I'd like the entries repeated exactly, pictures omitted.

══ Dataset records ══

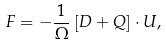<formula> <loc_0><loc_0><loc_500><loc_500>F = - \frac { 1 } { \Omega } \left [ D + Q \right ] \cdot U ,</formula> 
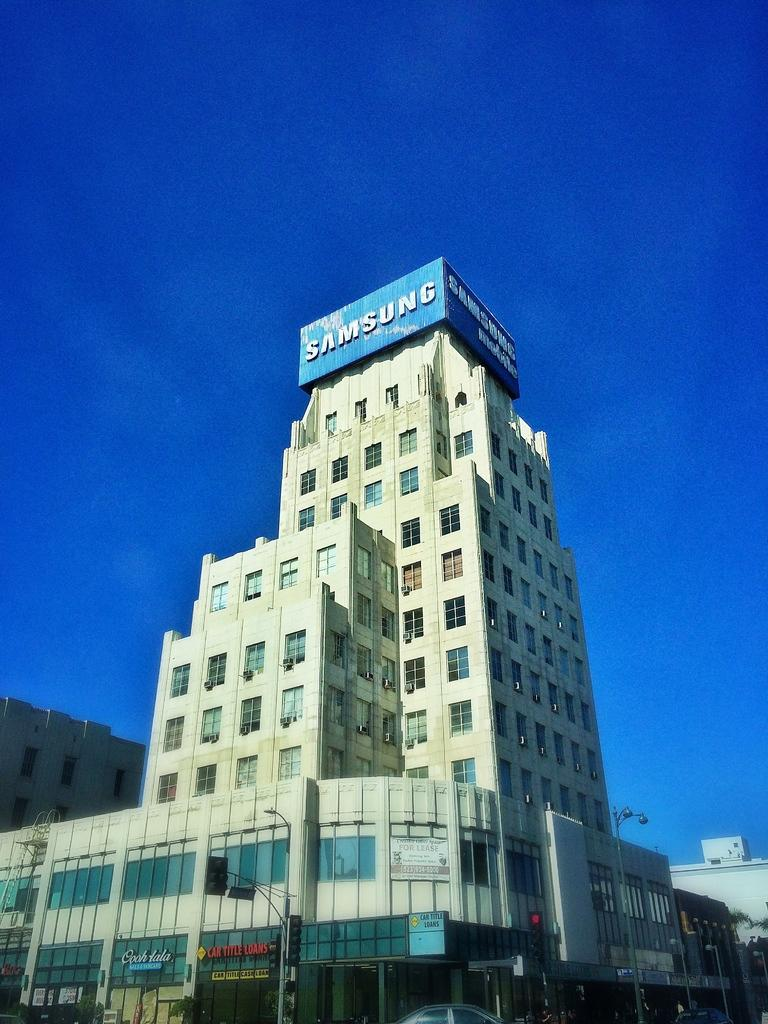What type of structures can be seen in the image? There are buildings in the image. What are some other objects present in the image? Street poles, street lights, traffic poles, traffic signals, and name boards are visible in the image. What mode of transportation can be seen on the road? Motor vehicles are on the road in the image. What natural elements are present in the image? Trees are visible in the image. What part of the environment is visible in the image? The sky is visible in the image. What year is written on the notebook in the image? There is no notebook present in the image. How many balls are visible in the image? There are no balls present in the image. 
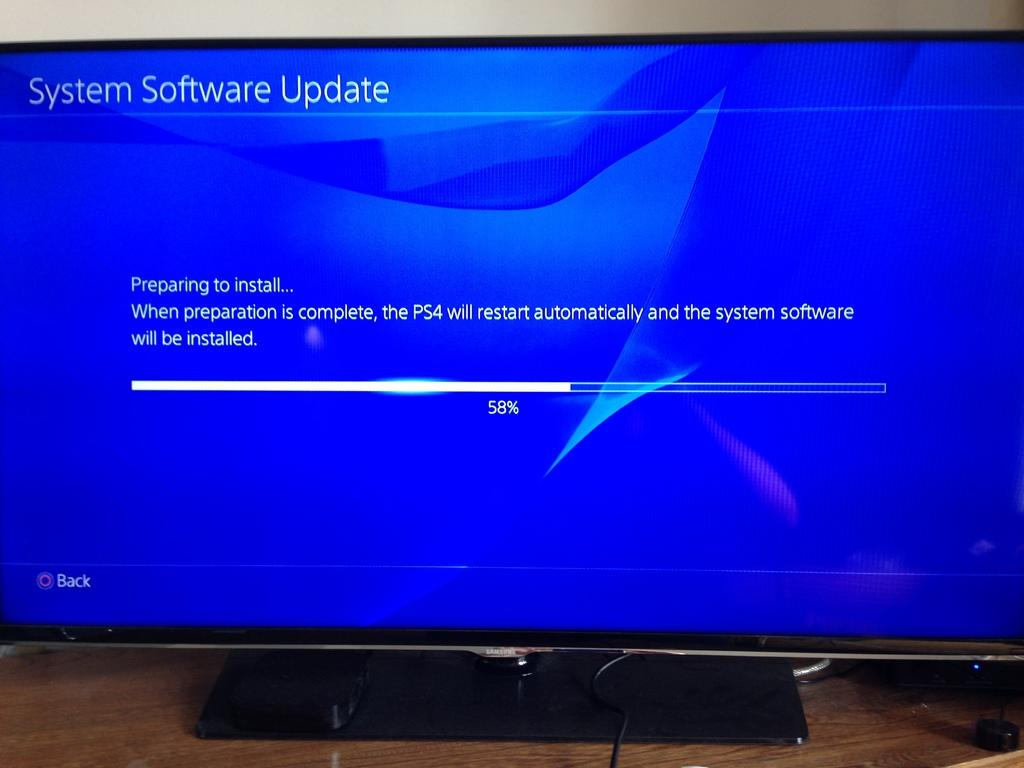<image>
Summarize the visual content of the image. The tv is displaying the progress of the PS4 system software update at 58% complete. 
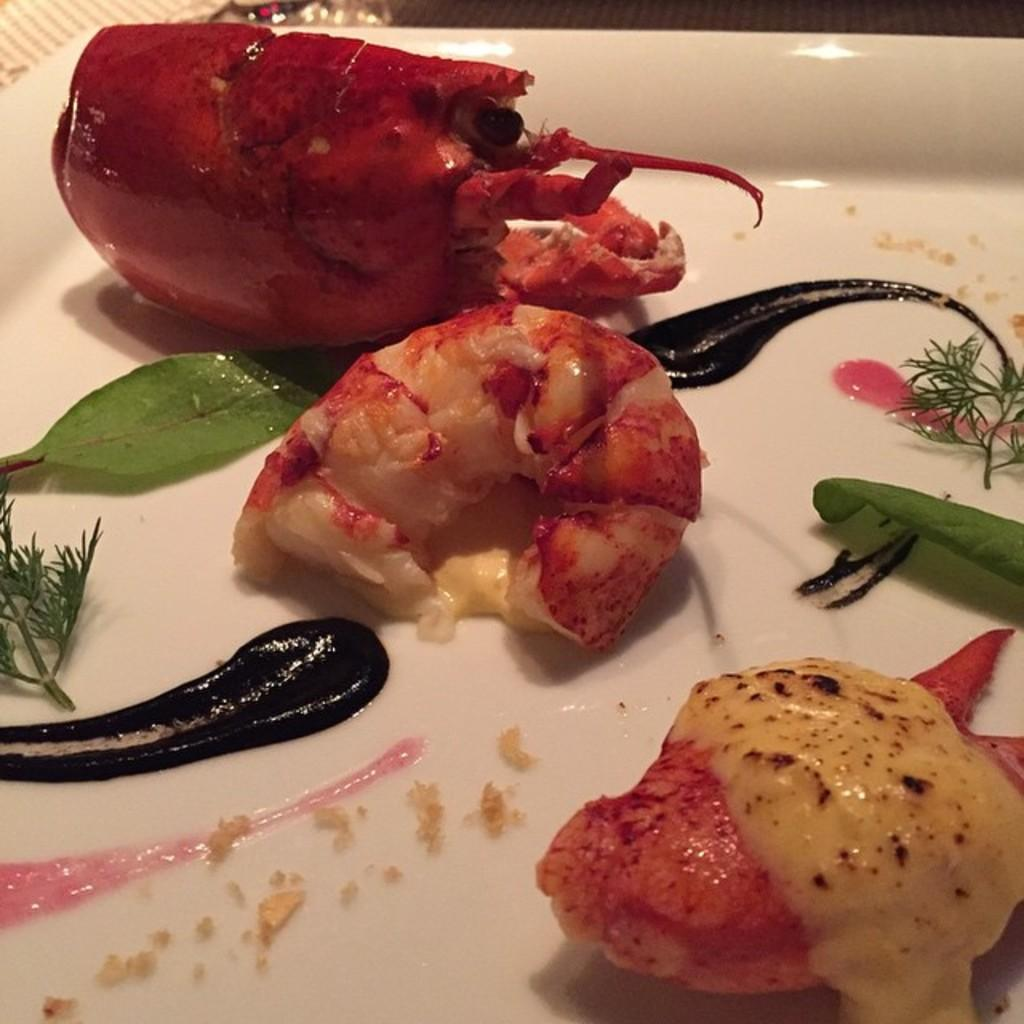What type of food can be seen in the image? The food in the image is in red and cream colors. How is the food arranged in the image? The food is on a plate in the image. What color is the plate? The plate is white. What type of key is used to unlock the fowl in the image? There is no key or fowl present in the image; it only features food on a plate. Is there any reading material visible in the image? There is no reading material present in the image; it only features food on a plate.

═══

Finished task:
<formula> <loc_0><loc_0><loc_500><loc_500>F = - \frac { 1 } { \Omega } \left [ D + Q \right ] \cdot U ,</formula> 
What type of structures can be seen in the image? There are buildings in the image. What are some other objects present in the image? Street poles, street lights, traffic poles, traffic signals, and name boards are visible in the image. What mode of transportation can be seen on the road? Motor vehicles are on the road in the image. What natural elements are present in the image? Trees are visible in the image. What part of the environment is visible in the image? The sky is visible in the image. What year is written on the notebook in the image? There is no notebook present in the image. How many balls are visible in the image? There are no balls present in the image. 
<image>
Summarize the visual content of the image. The tv is displaying the progress of the PS4 system software update at 58% complete. 
What type of food can be seen in the image? The food in the image is in red and cream colors. How is the food arranged in the image? The food is on a plate in the image. What color is the plate? The plate is white. What type of key is used to unlock the fowl in the image? There is no key or fowl present in the image; it only features food on a plate. Is there any reading material visible in the image? There is no reading material present in the image; it only features food on a plate.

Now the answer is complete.